VXLAN has been a hot protocol for the past few years, and network architects have been looking at this protocol to see if it solves the use cases which have arisen due to an explosion of data, evolution of agile workloads, scalability requirements, OpenStack adaptation, and for many other reasons. VXLAN has shown the promise to provide:
Scale: Delivering a scaled version of L2 network (by 16M VNI) on highly scalable and proven L3 networks (by making L3 underlay)
Agility: Providing VM ready networking infrastructure – by proving VM mobility, multi tenancy, security etc.
Programmability: Bringing more programmability and flexibility to work with network controllers and cloud orchestration stack such as OpenStack.
In past few years, even with all these promises, there was not much adoption of VXLAN in data centers, due to the following reasons:
Controller-based solutions. It doesn’t scale for cloud use cases. Few hundred nodes are fine, but what about thousands of node?
Not ‘open’ enough. It lacks the DNA which is sought after by the new generation of network architects – it was not “open” enough to work with open eco system. Some of the question I have heard from customers in past; Does it work with only ESX? Can I make it work with OpenStack without any controller? Can I use REST interface to configure switch directly? Can I use Ansible to configure? Can I integrate the control plane updates on Slack on SRE channel?
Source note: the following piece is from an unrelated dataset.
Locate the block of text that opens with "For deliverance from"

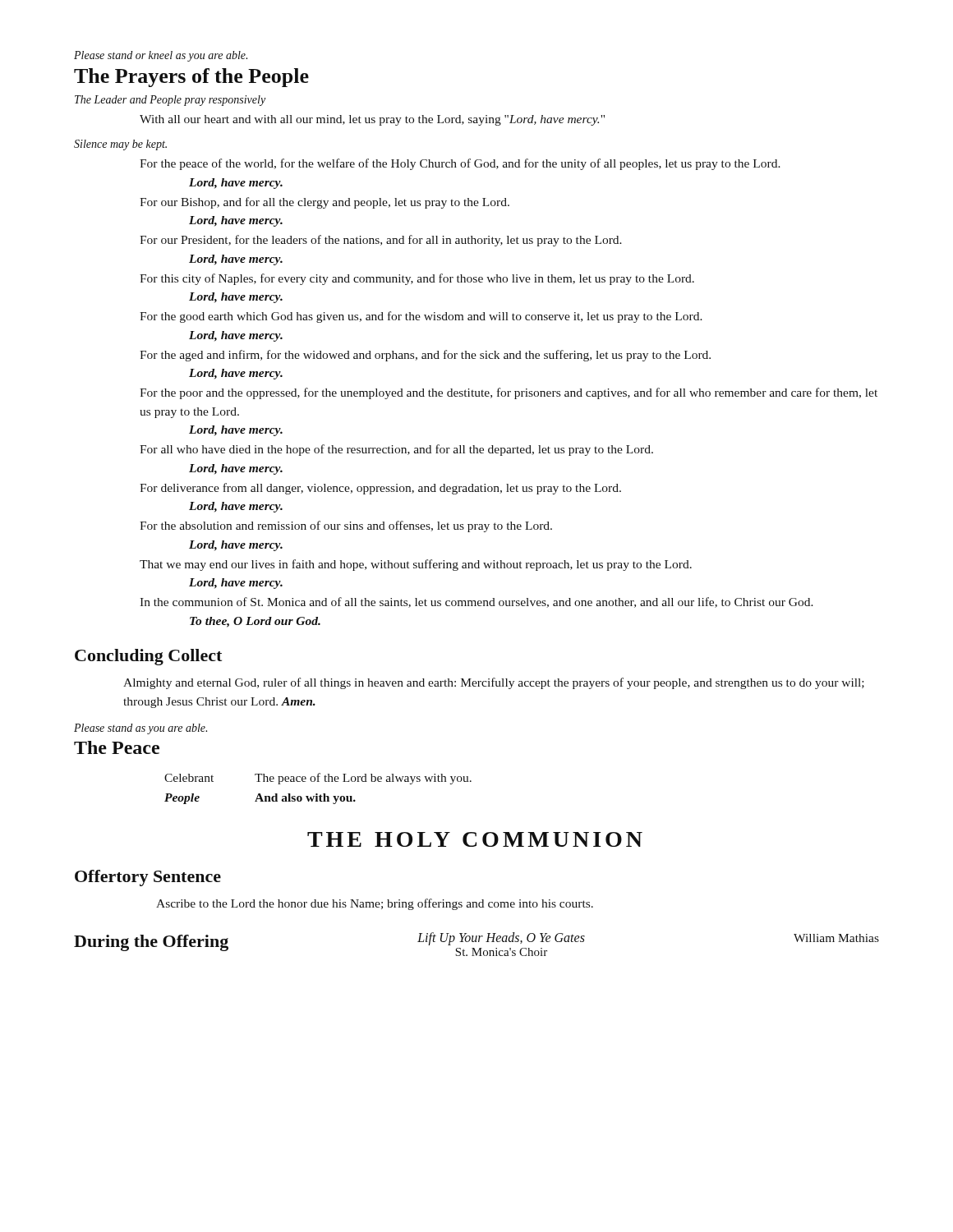[381, 487]

Proprietary & costly. Controller-based VXLAN orchestration systems are proprietary and costly (thousands of dollars per socket) and not flexible enough to be used with open ecosystems.
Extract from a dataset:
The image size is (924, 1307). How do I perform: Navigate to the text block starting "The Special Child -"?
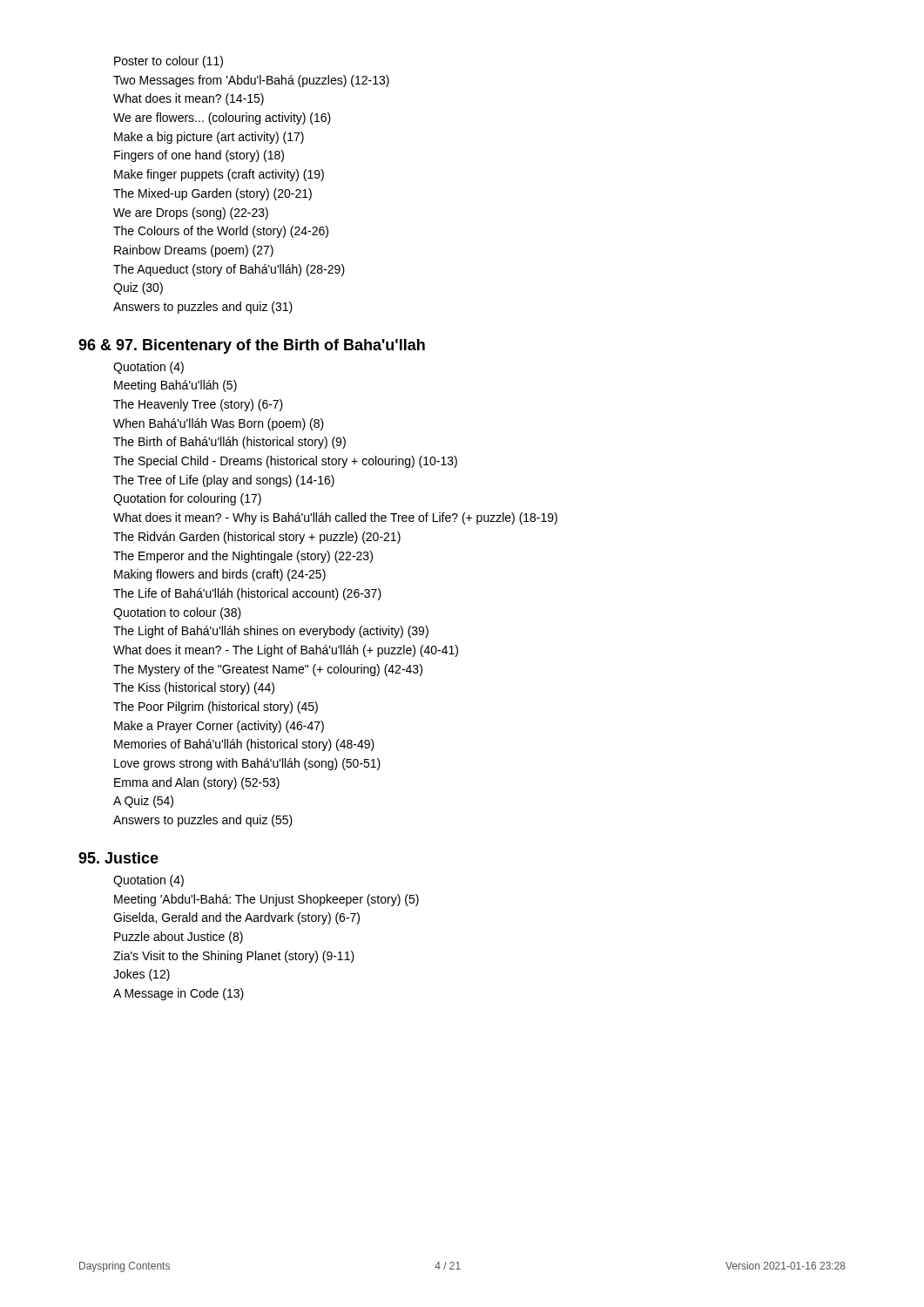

Multicast based control plane. Some are using their own custom control plane, and while it happens customers must wait for the industry to converge on a standard.
No end to end VXLAN story. There are non-virtualized servers, VMs and containers. (Yeah – you can find the hardware VTEP story with controllers – but really how good that work?)
While VXLAN has proven its viability in the past few years, a gap was always visible. There is no standard which not only has all properties of VXLAN but also has the support of multiple vendors. A VXLAN that can eventually take care of most of the use cases and yet support open networking and network disaggregation concepts which most data center players care about now.
So what changed now?
The answer is simple: VXLAN got a new control plane – EVPN.
With EVPN the following things have changed significantly in the world of VXLAN:
BGP as control plane. BGP control plane is used for VTEP discovery to learn MAC and IP routes from other VTEPs. The exchange of this information takes place using EVPN NLRIs. Having BGP as the control plane, shows that VXLAN now has trusted foundation and it is here to stay long with all goodness with BGP provides.
Converging vendors. The BGP-based open standard/RFC has the promise to converge the industry on standard. Not only switch software vendors like Cumulus, Cisco, Juniper, Arista and Mellanox have already converged on EVPN, but even controller vendors like Nuage and Contrail has converged to this standard.
Integrated networks. EVPN has the capability to make a true integrated network which can contain non-virtualized bare metal servers, VMs and containers running on hypervisor – all converging with EVPN.
OpenStack support. OpenStack is converging with EVPN with their bag pipe BGP.
VXLAN routing makes it possible to route between subnets w/o a controller or a DVR (distributed virtual router), with Anycast gateway support along with VRF it supports most of the requirements needed by virtual workloads.
DCI (Data Center Interconnect) solutions. VXLAN based DCI, which is based on QinVXLAN, provides same functionality at scale which other DCI provides. It is more prominent now as most enterprises have their workloads running in AWS or Azure.
Evaluating VXLAN switches?
What to look for in a VXLAN enabled switches:
Look for right ASIC. To start with look for a switch which has a proven control and data plane. Typically look for a Tolly report to get all following details. You can see Mellanox Tolly report here and analyze following:
Packets per second. A 32×100 GbE switch will have 4.47 billion packet per second (with all sort of packet size), make sure your vendor has that covered.
Latency – If this matters to you, 300 Nano seconds latency at all packet sizes is pretty easily available if you are looking for it.
Micro burst absorption ability.
Fairness on how the buffers are shared between ports.
Look for right scale
How many L3 routes (Can the switch support more than 128K routes?)
VXLAN VNI scale (Can the switch support more than you need?)
VTEP scale (Can the switch support more than 128 VTEPs?)
Open Networking. One of the reasons for looking at EVPN is because it is based on open standards and has the ability to work with open eco system. Look for a switch which supports open networking and can give you disaggregated options if needed. In short, look for a vendor that can support multiple OS options.
Container support.Look for Container-ready switch. You need a switch that not not only has the ability to run containers on switch for “of the shelf features” but also has capacity to track and monitor your containers.
Telemetry matters. Look for a switch which can give you the streaming insight on what’s happening inside networks in form of histograms, not just give you point data.